5th President of the Pamantasan ng Lungsod ng Maynila
- Preceded by: Dr. Jose D. Villanueva (in 1989); Dr. Virsely M. dela Cruz (in 2000); Atty. Jose M. Roy III (in 2006)
- Succeeded by: Atty. Adel A. Tamano

Personal details
- Born: Hermosa, Bataan, Philippines
- Alma mater: University of Arizona
- Profession: Professor

= Benjamin Tayabas =

Filipino educator and administrator

Benjamin G. Tayabas is a US-trained Filipino educator and administrator. He is the longest-serving university president of the Pamantasan ng Lungsod ng Maynila. He succeeded Dr. Jose D. Villanueva in 1989, Dr. Virsely M. dela Cruz in 2000, and Atty. Jose M. Roy III in 2006. His initial term as PLM president was broken when he briefly served as Undersecretary of the Department of Education.

Aside from manning the city university, he served as the President of the Association of Local Colleges and Universities, the 1st Vice-President of the Philippine Association of Technological Association (PATE), member of the board of trustees of the Institute for Studies on Diabetes Foundation and Laguna University, and an incorporator of the National Network of Quality Assurance Agencies (NNQAA). In 2005, he was chosen as one of the executive committee members of the Cinemanila International Film Festival.

Tayabas is the first Filipino and foreigner to have received the 2005 Korean Prize in Cultural Education and the 4th Korean Christian Cultural Academy of Arts Award (KCCAA) in Seoul, Korea for his fostering more than 10 years of partnership with the Korean Cultural Arts organization and the PLM in providing graduate education to Korean students and contributing to inter-cultural education and understanding.
He was also named by the Jaycess Senate as one of Ten Outstanding Filipinos (TOFIL).

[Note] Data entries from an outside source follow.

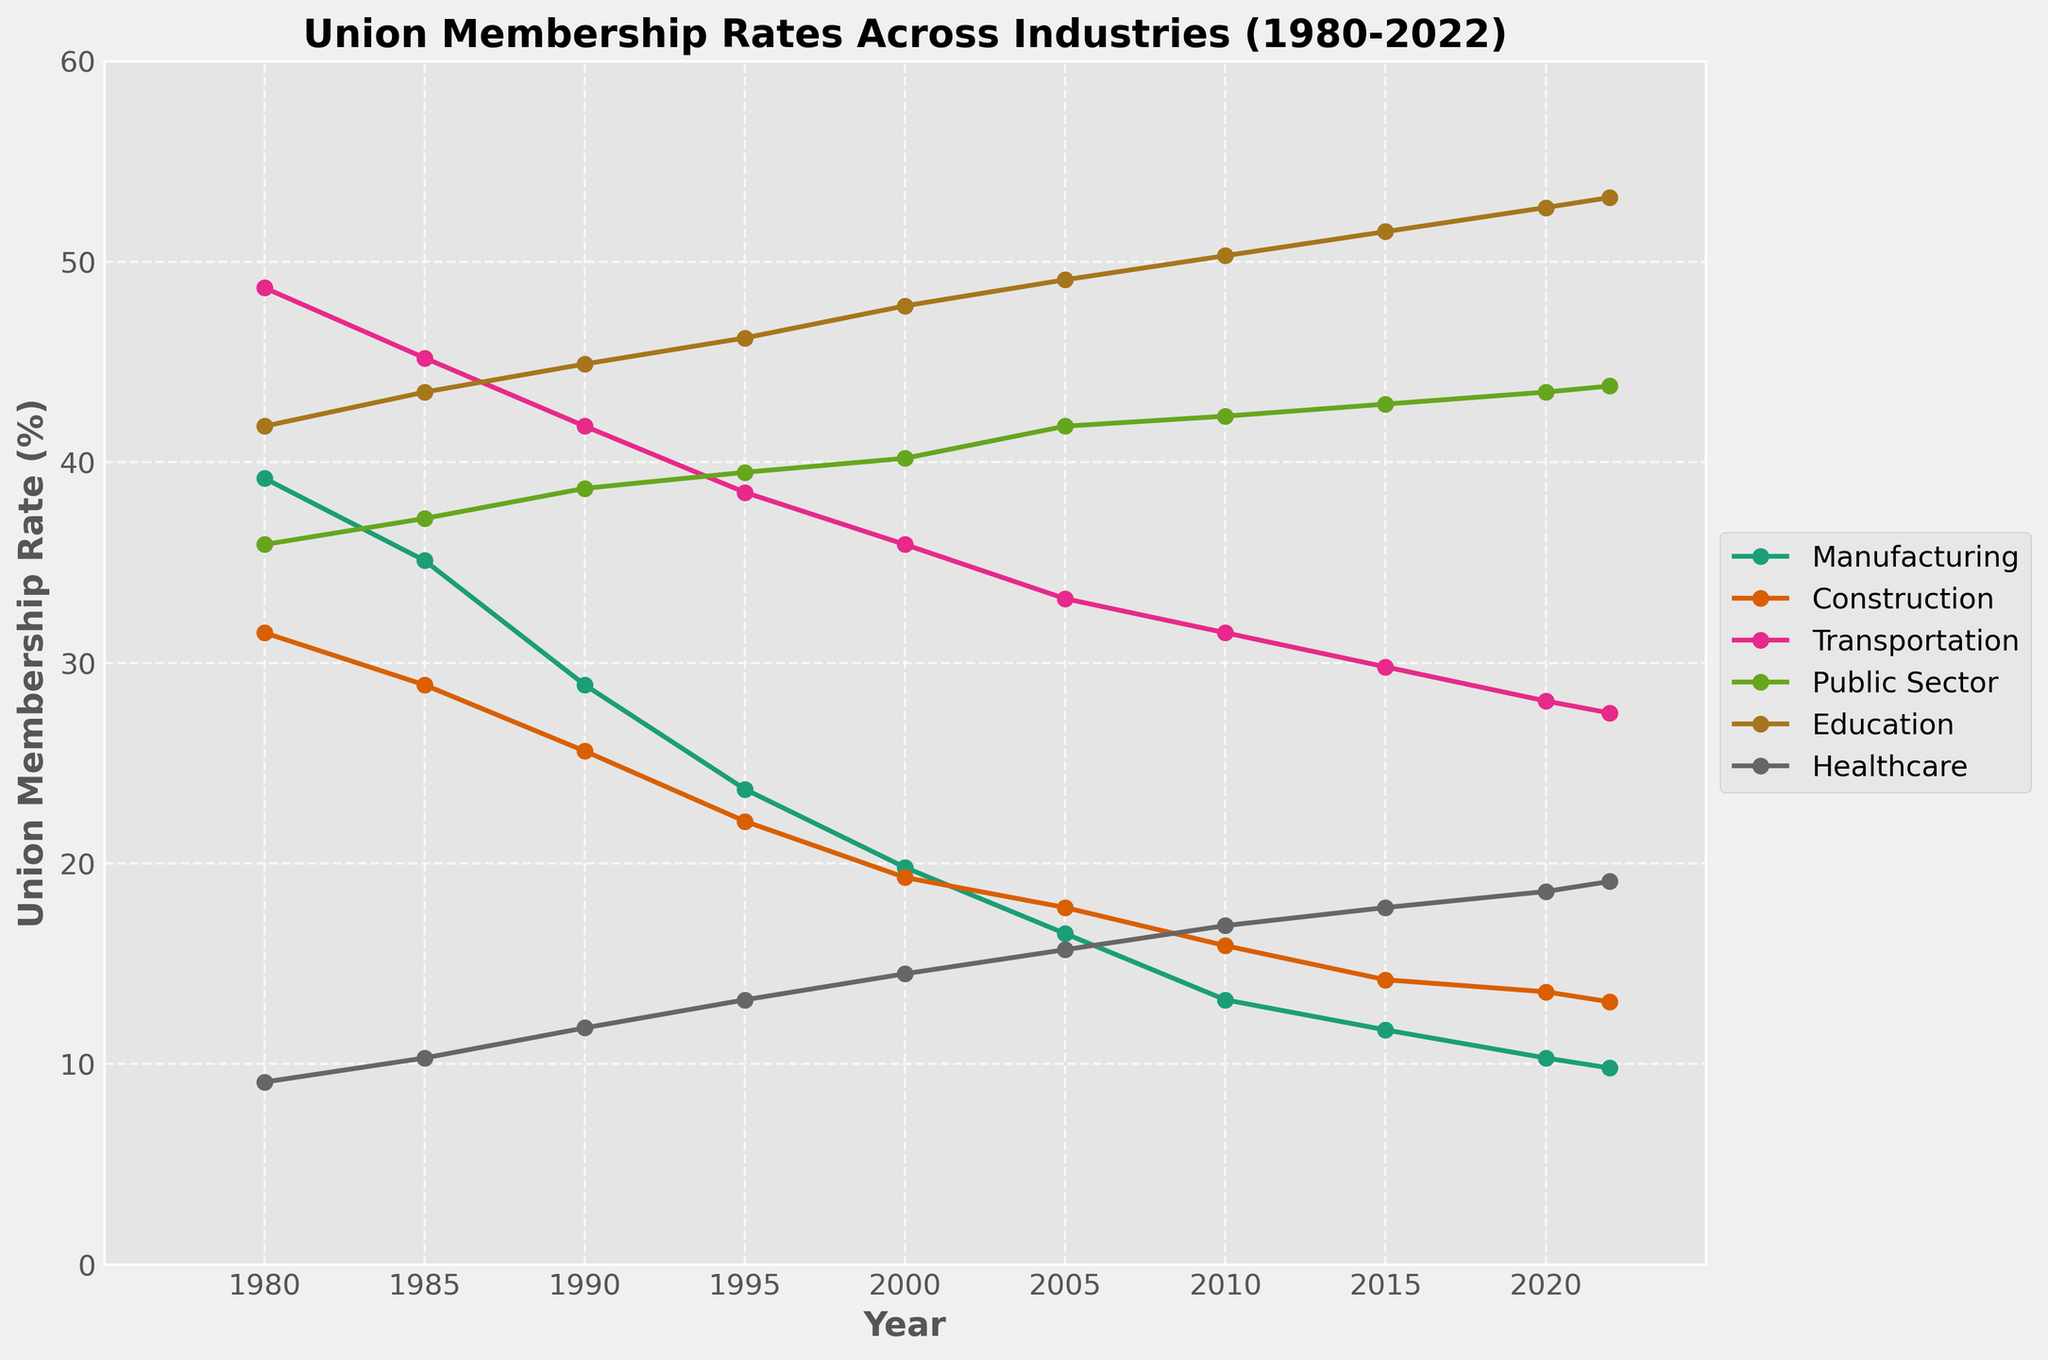What industry had the highest union membership rate in 2022? The highest point on the chart in 2022 corresponds to Education, which is around 53.2%.
Answer: Education In which year did Manufacturing experience the largest decrease in union membership rate compared to the previous year? Calculating the difference year by year, the largest decrease in Manufacturing was between 1985 and 1990, dropping from 35.1% to 28.9% (a 6.2% drop).
Answer: 1985 to 1990 What is the average union membership rate for the Public Sector from 1980 to 2022? Summing the values for the Public Sector (35.9 + 37.2 + 38.7 + 39.5 + 40.2 + 41.8 + 42.3 + 42.9 + 43.5 + 43.8 = 405.8) and dividing by the number of years (10) gives an average of 40.58%.
Answer: 40.58% Compare the union membership rates between Transportation and Healthcare in 2020. Which one was higher and by how much? The rate in Transportation is 28.1%, and in Healthcare, it is 18.6%. The difference is 28.1% - 18.6% = 9.5%.
Answer: Transportation by 9.5% Which industry had the least change in union membership rate from 1980 to 2022? Looking at the start and end points for each industry, Education changed from 41.8% to 53.2% (a 11.4% increase), which is the smallest change compared to other industries.
Answer: Education By how much did the union membership rate in Construction decline from 1980 to 2022? The rate in Construction was 31.5% in 1980 and 13.1% in 2022. The decline is 31.5% - 13.1% = 18.4%.
Answer: 18.4% In which two consecutive periods did Healthcare see the most increase in union membership rate? From 1980 to 1985, the increase is 1.2%, from 1985 to 1990 it is 1.5%, 1990 to 1995 is 1.4%, 1995 to 2000 is 1.3%, 2000 to 2005 is 1.2%, 2005 to 2010 is 1.2%, 2010 to 2015 is 0.9%, 2015 to 2020 is 0.8%, from 2020 to 2022 it is 0.5%. The greatest increase was from 1985 to 1990 (1.5%).
Answer: 1985 to 1990 Identify the industry that had the most consistent increase in union membership rate over the years. Healthcare shows consistent increase from 9.1% in 1980 to 19.1% in 2022 without any decrease in between.
Answer: Healthcare What was the combined union membership rate for Manufacturing and Construction in 1990? Adding the rates for Manufacturing (28.9%) and Construction (25.6%): 28.9% + 25.6% = 54.5%.
Answer: 54.5% Which industry showed a union membership rate of about 11.7% in 2015? According to the plot, the industry with around 11.7% union membership in 2015 is Manufacturing.
Answer: Manufacturing

Although Tayabas helped continue the development of PLM onto the national stage, his administration had been linked to countless anomalies uncovered by the Commission on Audit. through elaborate corruption and massive embezzlement of public funds. Moreover, he had been notorious in suppressing student rights and academic freedom, including campus press freedom, and the shutting down of the official student paper Ang Pamantasan twice during his terms of office.